How can I combine the following codes to into one:
df %>% group_by(year) %>% filter(MIAPRFCD_J8==1 | MIAPRFCD_55==1) %>% summarise (Freq = n())
df %>% group_by(year) %>% filter(sum==1 | (MIAPRFCD_J8==1 & MIAPRFCD_55==1)) %>% summarise (reason_lv = n())
So output will be one table (or df) which is grouped by year and two columns of frequencies based on the above filters.
Here is the sample data:
df<- read.table(header=T, text='Act year MIAPRFCD_J8 MIAPRFCD_55 sum
1 2015 1 0 1
2 2016 1 0 1
3 2016 0 1 2
6 2016 1 1 3
7 2016 0 0 2
9 2015 1 0 1
11 2015 1 0 1
12 2015 0 1 2
15 2014 0 1 1
20 2014 1 0 1
60 2013 1 0 1')
Output after combing the codes would be:
year Freq reason_lv
2013 1 1
2014 2 2
2015 4 3
2016 3 2
Now that you've included your data, this is easy enough to solve. Here are two possible options. Both options get you the output you want, it's mostly just a matter of style.
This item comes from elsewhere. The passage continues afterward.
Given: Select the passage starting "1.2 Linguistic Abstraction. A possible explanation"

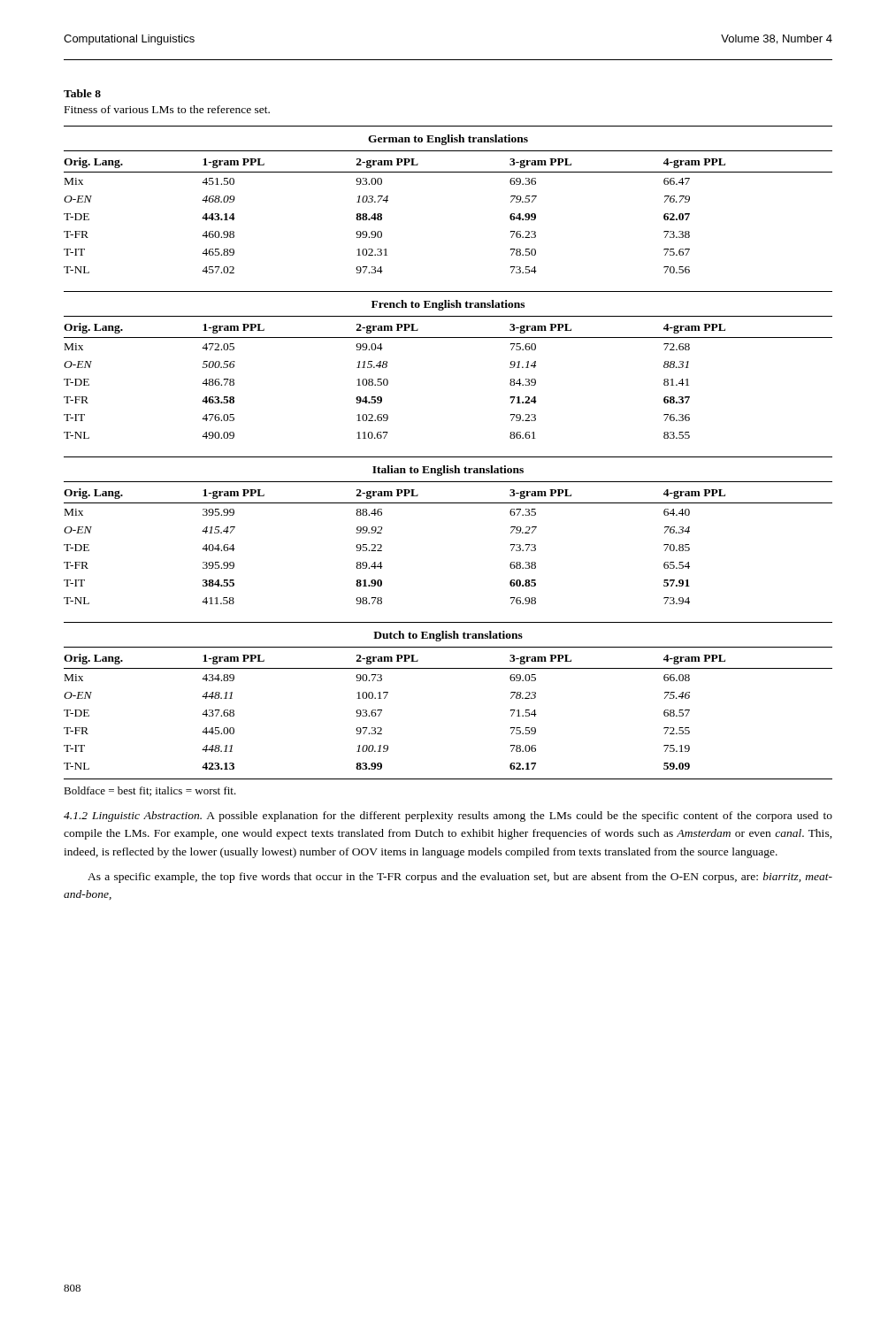Looking at the screenshot, I should 448,855.
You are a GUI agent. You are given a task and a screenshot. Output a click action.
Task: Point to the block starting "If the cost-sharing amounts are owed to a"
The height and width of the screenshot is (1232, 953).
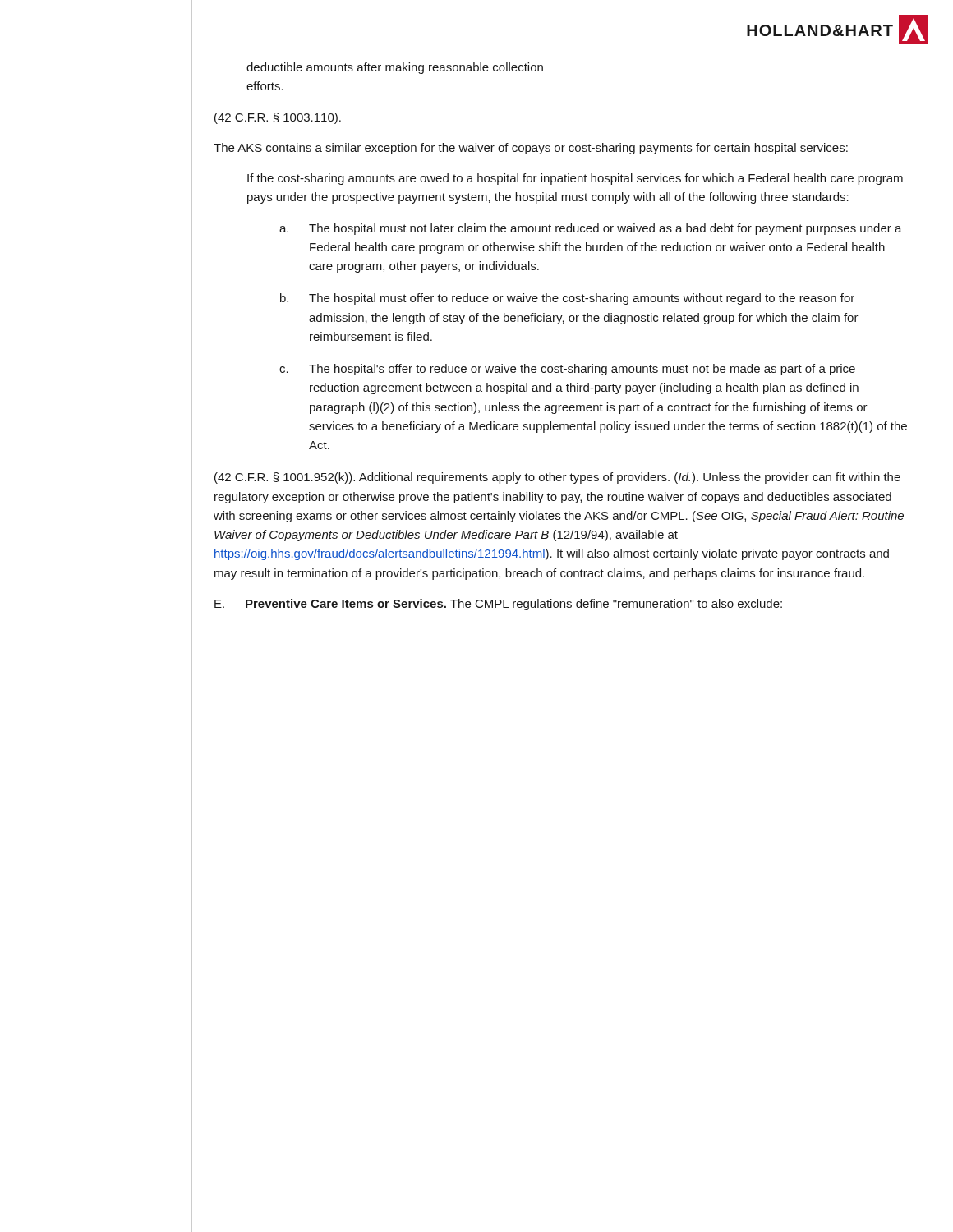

Option 1, make 2 filtered data frames, then use an inner_join to join them together by year. (You could also just build those data frames inline in the arguments to inner_join, but that's a little less clear.)
library(tidyverse)
df<- read.table(header=T,
text='Act year MIAPRFCD_J8 MIAPRFCD_55 sum
1 2015 1 0 1
2 2016 1 0 1
3 2016 0 1 2
6 2016 1 1 3
7 2016 0 0 2
9 2015 1 0 1
11 2015 1 0 1
12 2015 0 1 2
15 2014 0 1 1
20 2014 1 0 1
60 2013 1 0 1')
# option 1: two dataframes, then join
freq_df <- df %>%
group_by(year) %>%
filter(MIAPRFCD_J8 == 1 | MIAPRFCD_55 == 1) %>%
summarise (Freq = n())
reason_df <- df %>%
group_by(year) %>%
filter(sum == 1 | (MIAPRFCD_J8 == 1 & MIAPRFCD_55 == 1)) %>%
summarise (reason_lv = n())
inner_join(freq_df, reason_df, by = "year")
#> # A tibble: 4 x 3
#> year Freq reason_lv
#> <int> <int> <int>
#> 1 2013 1 1
#> 2 2014 2 2
#> 3 2015 4 3
#> 4 2016 3 2
Option 2, add boolean variables for whether the observation needs to go into the Freq calculation, and whether it needs to go into the response calculation--dummy variables help with this since those two things aren't mutually exclusive.
# option 2: binary variables
df %>%
mutate(getFreq = (MIAPRFCD_J8 == 1 | MIAPRFCD_55 == 1)) %>%
mutate(getReason = (sum == 1 | (MIAPRFCD_J8 == 1 & MIAPRFCD_55 == 1))) %>%
group_by(year) %>%
summarise(Freq = sum(getFreq), reason_lv = sum(getReason))
#> # A tibble: 4 x 3
#> year Freq reason_lv
#> <int> <int> <int>
#> 1 2013 1 1
#> 2 2014 2 2
#> 3 2015 4 3
#> 4 2016 3 2
Created on 2018-04-23 by the reprex package (v0.2.0).